Task statement —
Across the entries below, determine how many lines include the word "drawing". State only the resulting number.

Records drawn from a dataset

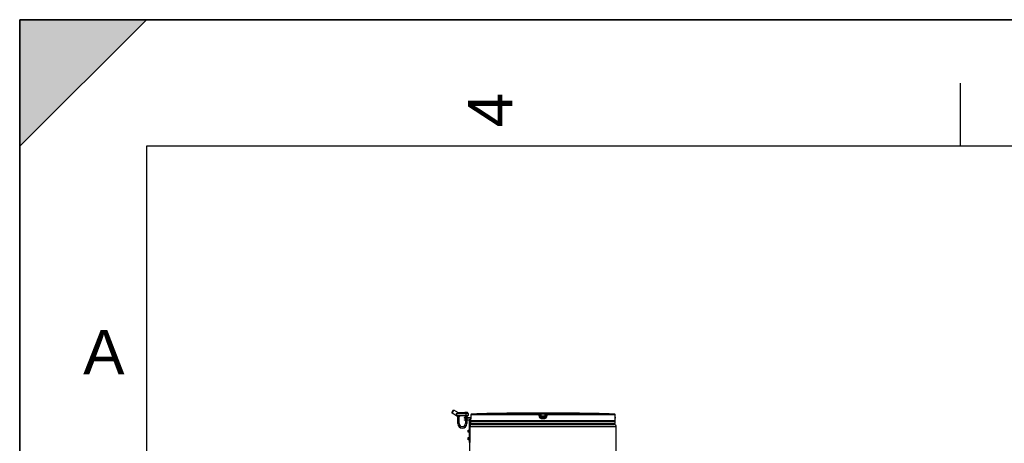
# Model space of a CAD drawing. Header units: millimetres. Extents: x 0 to 297, y 0 to 210.
# Tile 15 of 32: x 0 to 78, y 177 to 210. Entities that reach past the tile are written whole.
import ezdxf

# ---------------------------------------------------------------- set-up
doc = ezdxf.new("R2010")
doc.units = ezdxf.units.MM
doc.header["$LTSCALE"] = 16.335
doc.layers.get('0').update_dxf_attribs({"linetype": 'CONTINUOUS'})
doc.layers.add('01_GLOBAL', color=7, linetype='CONTINUOUS')
doc.styles.add('TEXTSTYLE_2', font='arial.ttf')

# ---------------------------------------------------------------- blocks, each defined once
blk = doc.blocks.new('MARGEA4_BL0', base_point=(148.514, 105.014))
at = {"color": 7, "linetype": 'Continuous'}
for p, q in [((297.014, 210.014), (0.014, 210.014)), ((0.014, 0.014), (0.014, 210.014)), ((0.014, 200.014), (10.014, 210.014)), ((10.014, 210.014), (0.014, 210.014)), ((0.014, 210.014), (0.014, 200.014)), ((0.014, 0.014), (0.014, 210.014)), ((0.014, 210.014), (0.014, 0.014)), ((0.014, 200.014), (10.014, 210.014)), ((74.264, 205.014), (74.264, 200.014)), ((287.014, 200.014), (10.014, 200.014)), ((10.014, 200.014), (10.014, 10.014))]:
    blk.add_line(p, q, dxfattribs=at)
blk.add_solid([(0.014, 200.014), (10.014, 210.014), (0.014, 210.014)], dxfattribs=at)
at = {"color": 2, "linetype": 'Continuous', "style": 'TEXTSTYLE_2', "oblique": 0.00002}
blk.add_text('4', height=3.5, rotation=90, dxfattribs=at).set_placement((38.889, 201.514))
blk.add_text('A', height=3.5, dxfattribs=at).set_placement((5.014, 182.014))

msp = doc.modelspace()

# ---------------------------------------------------------------- linework, layer by layer
at = {"color": 7, "linetype": 'Continuous'}
for p, q in [((0, 0), (0, 210)), ((0, 210), (297, 210)), ((34.124, 178.973), (34.244, 179.181)), ((34.124, 178.973), (34.135, 178.932)), ((34.135, 178.932), (34.285, 179.192)), ((34.491, 178.726), (34.135, 178.932)), ((34.244, 179.181), (34.285, 179.192)), ((34.648, 178.982), (34.285, 179.192)), ((34.498, 178.895), (34.498, 178.925)), ((35.165, 178.982), (34.608, 178.982)), ((35.136, 178.982), (35.136, 178.997)), ((35.151, 179.012), (35.346, 179.012)), ((35.361, 178.972), (35.248, 178.972)), ((35.361, 178.997), (35.361, 178.972)), ((35.398, 178.907), (35.398, 178.752)), ((38.994, 178.938), (38.845, 178.936)), ((38.994, 178.938), (38.952, 178.937)), ((38.995, 178.938), (38.994, 178.938)), ((41.183, 178.938), (41.323, 178.938)), ((41.323, 178.938), (41.463, 178.938)), ((43.652, 178.938), (43.652, 178.938)), ((43.802, 178.936), (43.652, 178.938)), ((43.652, 178.938), (43.652, 178.938)), ((43.704, 178.937), (43.661, 178.938)), ((43.802, 178.936), (43.704, 178.937)), ((34.498, 178.727), (34.498, 178.791)), ((34.506, 178.722), (34.528, 178.722)), ((34.526, 178.722), (34.528, 178.722)), ((34.606, 178.722), (34.528, 178.722)), ((34.746, 178.692), (34.551, 178.692)), ((34.588, 178.122), (34.588, 178.692)), ((35.205, 178.722), (34.691, 178.722)), ((34.708, 178.122), (34.708, 178.692)), ((35.097, 178.606), (35.63, 178.62)), ((35.097, 178.606), (35.098, 178.561)), ((35.098, 178.561), (35.629, 178.575)), ((35.098, 178.428), (35.098, 178.383)), ((35.098, 178.428), (35.488, 178.428)), ((35.488, 178.383), (35.098, 178.383)), ((35.127, 178.607), (35.128, 178.562)), ((35.128, 178.428), (35.128, 178.383)), ((35.346, 178.692), (35.151, 178.692)), ((35.188, 178.692), (35.188, 178.609)), ((35.188, 178.564), (35.188, 178.428)), ((35.188, 178.383), (35.188, 178.122)), ((35.308, 178.692), (35.308, 178.612)), ((35.308, 178.567), (35.308, 178.428)), ((35.308, 178.383), (35.308, 178.122)), ((35.361, 178.708), (35.361, 178.707)), ((35.503, 176.628), (35.503, 178.368)), ((35.548, 178.368), (35.548, 176.628)), ((35.623, 178.35), (35.623, 178.502)), ((35.623, 178.125), (35.623, 178.275)), ((35.623, 178.275), (47.023, 178.275)), ((35.623, 178.125), (47.023, 178.125)), ((35.628, 178.541), (35.627, 178.534)), ((35.627, 178.534), (35.627, 178.528)), ((35.629, 178.567), (35.628, 178.557)), ((35.628, 178.557), (35.628, 178.548)), ((35.628, 178.548), (35.628, 178.541)), ((35.63, 178.613), (35.629, 178.601)), ((35.629, 178.601), (35.629, 178.589)), ((35.629, 178.589), (35.629, 178.578)), ((35.629, 178.578), (35.629, 178.567)), ((35.631, 178.803), (35.63, 178.62)), ((35.63, 178.62), (35.63, 178.613)), ((35.653, 178.275), (35.653, 178.278)), ((35.698, 178.05), (35.698, 178.125)), ((35.698, 178.05), (46.948, 178.05)), ((46.948, 178.05), (46.948, 178.125)), ((46.993, 178.275), (46.993, 178.278)), ((47.017, 178.634), (47.016, 178.803)), ((47.017, 178.618), (47.017, 178.634)), ((47.017, 178.606), (47.017, 178.621)), ((47.017, 178.595), (47.017, 178.609)), ((47.018, 178.584), (47.017, 178.597)), ((47.018, 178.573), (47.018, 178.586)), ((47.018, 178.564), (47.018, 178.576)), ((47.018, 178.555), (47.018, 178.566)), ((47.019, 178.547), (47.018, 178.557)), ((47.019, 178.54), (47.019, 178.549)), ((47.019, 178.533), (47.019, 178.541)), ((47.02, 178.524), (47.019, 178.538)), ((47.02, 178.525), (47.02, 178.531)), ((47.02, 178.521), (47.02, 178.525)), ((47.023, 178.35), (47.023, 178.502)), ((47.023, 178.125), (47.023, 178.275)), ((35.413, 177.446), (35.413, 177.61)), ((35.413, 177.61), (35.488, 177.61)), ((35.488, 177.446), (35.413, 177.446)), ((35.488, 177.611), (35.488, 177.446)), ((35.503, 177.611), (35.488, 177.611)), ((35.503, 177.446), (35.488, 177.446)), ((35.55, 177.481), (35.548, 177.488)), ((35.413, 176.846), (35.413, 177.01)), ((35.413, 177.01), (35.488, 177.01)), ((35.488, 176.846), (35.413, 176.846)), ((35.488, 177.011), (35.488, 176.846)), ((35.503, 177.011), (35.488, 177.011)), ((35.503, 176.846), (35.488, 176.846)), ((35.503, 176.658), (35.548, 176.658)), ((35.503, 176.628), (35.548, 176.628)), ((35.55, 176.881), (35.548, 176.888))]:
    msp.add_line(p, q, dxfattribs=at)
at = {"color": 9, "linetype": 'Continuous'}
for p, q in [((34.498, 178.907), (35.398, 178.907)), ((34.528, 178.878), (34.498, 178.895)), ((34.528, 178.722), (34.528, 178.878)), ((35.136, 178.997), (35.361, 178.997)), ((35.248, 178.708), (35.248, 178.972)), ((41.032, 178.877), (35.704, 178.877)), ((38.995, 178.938), (38.995, 178.938)), ((41.032, 178.877), (41.032, 178.936)), ((41.107, 178.811), (41.107, 178.87)), ((41.128, 178.702), (41.107, 178.87)), ((41.128, 178.643), (41.107, 178.811)), ((41.183, 178.938), (41.183, 178.862)), ((41.202, 178.712), (41.183, 178.862)), ((41.463, 178.862), (41.183, 178.862)), ((41.463, 178.862), (41.445, 178.712)), ((41.463, 178.938), (41.463, 178.862)), ((41.54, 178.87), (41.519, 178.702)), ((41.54, 178.811), (41.519, 178.643)), ((41.54, 178.87), (41.54, 178.811)), ((41.615, 178.936), (41.615, 178.877)), ((46.943, 178.877), (41.615, 178.877)), ((34.491, 178.726), (34.498, 178.727)), ((34.498, 178.752), (35.398, 178.752)), ((34.761, 178.707), (34.536, 178.707)), ((34.588, 178.122), (34.708, 178.122)), ((35.361, 178.707), (35.136, 178.707)), ((35.308, 178.122), (35.188, 178.122)), ((35.248, 178.723), (35.205, 178.722)), ((35.248, 178.708), (35.21, 178.707)), ((35.248, 178.723), (35.373, 178.723)), ((35.361, 178.708), (35.248, 178.708)), ((35.625, 178.502), (35.623, 178.502)), ((47.023, 178.35), (35.623, 178.35)), ((35.631, 178.802), (35.63, 178.634)), ((35.63, 178.634), (35.63, 178.634)), ((35.631, 178.802), (35.631, 178.803)), ((41.028, 178.802), (35.631, 178.802)), ((35.653, 178.278), (35.678, 178.278)), ((37.279, 178.278), (37.484, 178.278)), ((41.05, 178.634), (41.028, 178.802)), ((41.128, 178.702), (41.128, 178.643)), ((41.128, 178.702), (41.128, 178.697)), ((41.323, 178.502), (41.2, 178.502)), ((41.201, 178.636), (41.202, 178.636)), ((41.202, 178.712), (41.202, 178.577)), ((41.445, 178.712), (41.202, 178.712)), ((41.445, 178.636), (41.202, 178.636)), ((41.323, 178.577), (41.202, 178.577)), ((41.203, 178.278), (41.443, 178.278)), ((41.445, 178.577), (41.323, 178.577)), ((41.446, 178.502), (41.323, 178.502)), ((41.445, 178.577), (41.445, 178.712)), ((41.446, 178.636), (41.445, 178.636)), ((41.519, 178.702), (41.518, 178.697)), ((41.519, 178.643), (41.519, 178.702)), ((41.618, 178.802), (41.597, 178.634)), ((47.016, 178.802), (41.618, 178.802)), ((45.163, 178.278), (45.368, 178.278)), ((46.969, 178.278), (46.993, 178.278)), ((47.016, 178.802), (47.016, 178.803)), ((47.017, 178.634), (47.016, 178.802)), ((47.017, 178.634), (47.017, 178.634)), ((47.023, 178.502), (47.022, 178.502)), ((35.413, 177.61), (35.488, 177.61)), ((35.413, 177.57), (35.488, 177.57)), ((35.413, 177.567), (35.488, 177.567)), ((35.488, 177.488), (35.413, 177.488)), ((35.488, 177.485), (35.413, 177.485)), ((35.488, 177.447), (35.413, 177.447)), ((35.413, 177.01), (35.488, 177.01)), ((35.413, 176.97), (35.488, 176.97)), ((35.413, 176.967), (35.488, 176.967)), ((35.488, 176.888), (35.413, 176.888)), ((35.488, 176.885), (35.413, 176.885)), ((35.488, 176.847), (35.413, 176.847))]:
    msp.add_line(p, q, dxfattribs=at)
at = {"color": 7, "linetype": 'Continuous'}
for points in [[(38.952, 178.937), (38.914, 178.937), (38.904, 178.937)], [(35.627, 178.528), (35.627, 178.523), (35.627, 178.521), (35.626, 178.519), (35.626, 178.517), (35.626, 178.516), (35.626, 178.515), (35.626, 178.515)], [(47.02, 178.516), (47.021, 178.516), (47.021, 178.515), (47.021, 178.515), (47.021, 178.515), (47.021, 178.515), (47.021, 178.516), (47.02, 178.517), (47.02, 178.518), (47.02, 178.52), (47.02, 178.521)]]:
    msp.add_lwpolyline(points, dxfattribs=at)
for centre, radius, start, end in [((35.151, 178.997), 0.015, 90, 180), ((35.346, 178.997), 0.015, 0, 90), ((35.323, 178.907), 0.075, 0, 60), ((35.706, 178.802), 0.075, 91.48637, 179.62893), ((41.323, -37.687), 216.637, 90.65548, 91.48637), ((41.323, -37.687), 216.637, 89.3842, 90.6158), ((41.323, -37.69), 216.64, 88.51363, 89.34451), ((46.941, 178.802), 0.075, 0.47139, 88.50968), ((34.506, 178.752), 0.03, 239.999, 269.99885), ((34.528, 178.752), 0.03, 180, 270), ((34.521, 178.707), 0.015, 0, 90), ((34.551, 178.707), 0.015, 180, 270), ((34.948, 178.122), 0.36, 180, 360), ((34.948, 178.122), 0.24, 180, 360), ((34.746, 178.707), 0.015, 270, 360), ((34.776, 178.707), 0.015, 90, 180), ((35.121, 178.707), 0.015, 0, 90), ((35.151, 178.707), 0.015, 180, 270), ((35.346, 178.707), 0.015, 270, 360), ((35.376, 178.708), 0.015, 99.59407, 180), ((35.368, 178.752), 0.03, 279.59407, 360), ((35.488, 178.368), 0.06, 0, 90), ((35.488, 178.368), 0.015, 0, 90), ((35.698, 178.502), 0.075, 162.87448, 180), ((35.698, 178.35), 0.075, 180, 235.73564), ((35.673, 178.278), 0.0195, 148.62171, 180), ((46.948, 178.35), 0.075, 304.26436, 360), ((46.974, 178.278), 0.0195, 0, 31.37829), ((46.948, 178.502), 0.075, 0, 17.12565)]:
    msp.add_arc(centre, radius, start, end, dxfattribs=at)
at = {"color": 9, "linetype": 'Continuous'}
for centre, radius, start, end in [((35.707, 178.799), 0.0782, 112.01648, 113.76901), ((35.707, 178.799), 0.0778, 106.67488, 112.02116), ((35.707, 178.801), 0.0764, 102.77751, 106.67429), ((35.706, 178.802), 0.0747, 99.31344, 102.77746), ((35.706, 178.806), 0.0713, 91.54035, 99.35142), ((46.941, 178.806), 0.0713, 80.77303, 88.46162), ((46.94, 178.803), 0.0742, 79.08428, 80.81472), ((46.94, 178.801), 0.076, 73.52092, 79.07067), ((46.94, 178.8), 0.0773, 71.97966, 73.5335), ((46.94, 178.799), 0.078, 65.34706, 71.97453), ((46.94, 178.8), 0.0775, 58.80204, 65.35741), ((33.466, 178.633), 2.164, 357.79623, 358.47127), ((32.88, 178.648), 2.75, 358.47333, 359.41227), ((32.635, 178.652), 2.995, 359.39506, 359.65041), ((41.942, 172.785), 5.973, 97.11548, 97.47489), ((40.705, 172.785), 5.973, 82.52511, 82.88452), ((49.619, 178.646), 2.602, 180.28324, 182.05321)]:
    msp.add_arc(centre, radius, start, end, dxfattribs=at)
at = {"color": 7, "linetype": 'Continuous'}
for points, knots in [([(34.498, 178.925), (34.507, 178.933), (34.538, 178.96), (34.578, 178.982), (34.608, 178.982)], [0, 0, 0, 0, 0.285231, 1, 1, 1, 1]), ([(34.498, 178.791), (34.498, 178.806), (34.507, 178.836), (34.521, 178.864), (34.528, 178.878)], [0, 0, 0, 0, 0.474484, 1, 1, 1, 1]), ([(35.248, 178.972), (35.233, 178.972), (35.205, 178.975), (35.177, 178.982), (35.165, 178.982)], [0, 0, 0, 0, 0.546892, 1, 1, 1, 1]), ([(35.55, 177.481), (35.55, 177.482), (35.549, 177.486), (35.549, 177.491), (35.548, 177.495)], [0, 0, 0, 0, 0.163378, 1, 1, 1, 1]), ([(35.55, 176.881), (35.55, 176.882), (35.549, 176.886), (35.549, 176.891), (35.548, 176.895)], [0, 0, 0, 0, 0.163378, 1, 1, 1, 1])]:
    msp.add_open_spline(points, degree=3, knots=knots, dxfattribs=at)
at = {"color": 9, "linetype": 'Continuous'}
for points in [[(35.631, 178.802), (35.631, 178.829), (35.651, 178.86), (35.676, 178.871)], [(41.032, 178.936), (41.065, 178.936), (41.102, 178.903), (41.107, 178.87)], [(41.032, 178.877), (41.065, 178.877), (41.102, 178.844), (41.107, 178.811)], [(41.615, 178.936), (41.582, 178.936), (41.544, 178.903), (41.54, 178.87)], [(41.54, 178.811), (41.544, 178.844), (41.582, 178.877), (41.615, 178.877)], [(47.016, 178.802), (47.016, 178.827), (47.001, 178.853), (46.98, 178.866)], [(34.498, 178.727), (34.503, 178.724), (34.508, 178.722), (34.513, 178.722)], [(41.202, 178.577), (41.169, 178.577), (41.132, 178.61), (41.128, 178.643)], [(41.519, 178.643), (41.515, 178.61), (41.478, 178.577), (41.445, 178.577)]]:
    msp.add_open_spline(points, degree=3, dxfattribs=at)
for points, knots in [([(41.028, 178.802), (41.028, 178.82), (41.034, 178.84), (41.025, 178.874), (41.032, 178.877)], [0, 0, 0, 0, 0.696676, 1, 1, 1, 1]), ([(41.028, 178.802), (41.047, 178.805), (41.074, 178.805), (41.094, 178.812), (41.107, 178.809), (41.107, 178.811)], [0, 0, 0, 0, 0.702528, 0.921269, 1, 1, 1, 1]), ([(41.032, 178.936), (41.032, 178.94), (41.056, 178.932), (41.079, 178.94), (41.13, 178.936), (41.164, 178.938), (41.183, 178.938)], [0, 0, 0, 0, 0.076793, 0.294399, 0.618544, 1, 1, 1, 1]), ([(41.107, 178.87), (41.107, 178.872), (41.119, 178.867), (41.138, 178.87), (41.165, 178.864), (41.183, 178.862)], [0, 0, 0, 0, 0.078331, 0.297814, 1, 1, 1, 1]), ([(41.463, 178.938), (41.483, 178.938), (41.517, 178.936), (41.568, 178.94), (41.591, 178.932), (41.615, 178.94), (41.615, 178.936)], [0, 0, 0, 0, 0.38169, 0.705926, 0.923307, 1, 1, 1, 1]), ([(41.463, 178.862), (41.481, 178.864), (41.508, 178.87), (41.528, 178.867), (41.54, 178.872), (41.54, 178.87)], [0, 0, 0, 0, 0.703406, 0.922256, 1, 1, 1, 1]), ([(41.618, 178.802), (41.6, 178.804), (41.574, 178.811), (41.551, 178.808), (41.541, 178.813), (41.54, 178.811)], [0, 0, 0, 0, 0.702777, 0.921367, 1, 1, 1, 1]), ([(41.618, 178.802), (41.618, 178.82), (41.612, 178.84), (41.621, 178.874), (41.615, 178.877)], [0, 0, 0, 0, 0.696571, 1, 1, 1, 1]), ([(34.605, 178.722), (34.607, 178.722), (34.61, 178.716), (34.61, 178.711), (34.61, 178.707)], [0, 0, 0, 0, 0.346151, 1, 1, 1, 1]), ([(34.691, 178.722), (34.677, 178.722), (34.648, 178.723), (34.62, 178.722), (34.606, 178.722)], [0, 0, 0, 0, 0.500003, 1, 1, 1, 1]), ([(34.686, 178.707), (34.674, 178.707), (34.648, 178.708), (34.623, 178.707), (34.61, 178.707)], [0, 0, 0, 0, 0.5, 1, 1, 1, 1]), ([(34.691, 178.722), (34.69, 178.722), (34.687, 178.716), (34.686, 178.711), (34.686, 178.707)], [0, 0, 0, 0, 0.346148, 1, 1, 1, 1]), ([(35.205, 178.722), (35.207, 178.722), (35.21, 178.716), (35.21, 178.711), (35.21, 178.707)], [0, 0, 0, 0, 0.346151, 1, 1, 1, 1]), ([(35.628, 178.55), (35.628, 178.538), (35.622, 178.528), (35.629, 178.502), (35.625, 178.502)], [0, 0, 0, 0, 0.737028, 1, 1, 1, 1]), ([(35.625, 178.502), (35.625, 178.504), (35.625, 178.509), (35.626, 178.514), (35.626, 178.516)], [0, 0, 0, 0, 0.497733, 1, 1, 1, 1]), ([(41.05, 178.634), (41.068, 178.636), (41.093, 178.642), (41.117, 178.639), (41.126, 178.644), (41.128, 178.643)], [0, 0, 0, 0, 0.703014, 0.921451, 1, 1, 1, 1]), ([(41.2, 178.502), (41.165, 178.502), (41.091, 178.528), (41.054, 178.598), (41.05, 178.634)], [0, 0, 0, 0, 0.499748, 1, 1, 1, 1]), ([(41.165, 178.707), (41.156, 178.706), (41.148, 178.7), (41.128, 178.705), (41.128, 178.702)], [0, 0, 0, 0, 0.731988, 1, 1, 1, 1]), ([(41.2, 178.502), (41.2, 178.519), (41.205, 178.542), (41.197, 178.571), (41.202, 178.577)], [0, 0, 0, 0, 0.697837, 1, 1, 1, 1]), ([(41.446, 178.502), (41.446, 178.519), (41.441, 178.542), (41.449, 178.571), (41.445, 178.577)], [0, 0, 0, 0, 0.697838, 1, 1, 1, 1]), ([(41.597, 178.634), (41.593, 178.598), (41.556, 178.529), (41.482, 178.502), (41.446, 178.502)], [0, 0, 0, 0, 0.498891, 1, 1, 1, 1]), ([(41.519, 178.702), (41.519, 178.705), (41.499, 178.7), (41.491, 178.706), (41.482, 178.707)], [0, 0, 0, 0, 0.268012, 1, 1, 1, 1]), ([(41.597, 178.634), (41.579, 178.636), (41.553, 178.642), (41.53, 178.639), (41.52, 178.644), (41.519, 178.643)], [0, 0, 0, 0, 0.703014, 0.921451, 1, 1, 1, 1]), ([(47.022, 178.502), (47.018, 178.502), (47.025, 178.529), (47.019, 178.541), (47.018, 178.553)], [0, 0, 0, 0, 0.262647, 1, 1, 1, 1]), ([(47.022, 178.502), (47.022, 178.504), (47.022, 178.509), (47.021, 178.514), (47.021, 178.516)], [0, 0, 0, 0, 0.497732, 1, 1, 1, 1])]:
    msp.add_open_spline(points, degree=3, knots=knots, dxfattribs=at)
at = {"color": 7, "linetype": 'Continuous'}
for points in [[(41.128, 178.697), (41.135, 178.666), (41.17, 178.636), (41.201, 178.636)], [(41.518, 178.697), (41.512, 178.666), (41.477, 178.636), (41.446, 178.636)]]:
    msp.add_open_spline(points, degree=3, dxfattribs=at)
at = {"layer": '01_GLOBAL', "color": 7, "linetype": 'Continuous'}
for p, q in [((35.698, 178.05), (46.948, 178.05)), ((47.098, 174.555), (47.098, 177.9)), ((35.548, 174.555), (35.548, 176.628))]:
    msp.add_line(p, q, dxfattribs=at)
at = {"layer": '01_GLOBAL', "color": 9, "linetype": 'Continuous'}
msp.add_line((35.548, 177.9), (47.098, 177.9), dxfattribs=at)
at = {"layer": '01_GLOBAL', "color": 7, "linetype": 'Continuous'}
for centre, start, end in [((35.698, 177.9), 90, 180), ((46.948, 177.9), 0, 90)]:
    msp.add_arc(centre, 0.15, start, end, dxfattribs=at)

# ---------------------------------------------------------------- block references
at = {"color": 2, "linetype": 'Continuous'}
msp.add_blockref('MARGEA4_BL0', (148.514, 105.014), dxfattribs=at)

doc.saveas('drawing.dxf')

Answer area —
2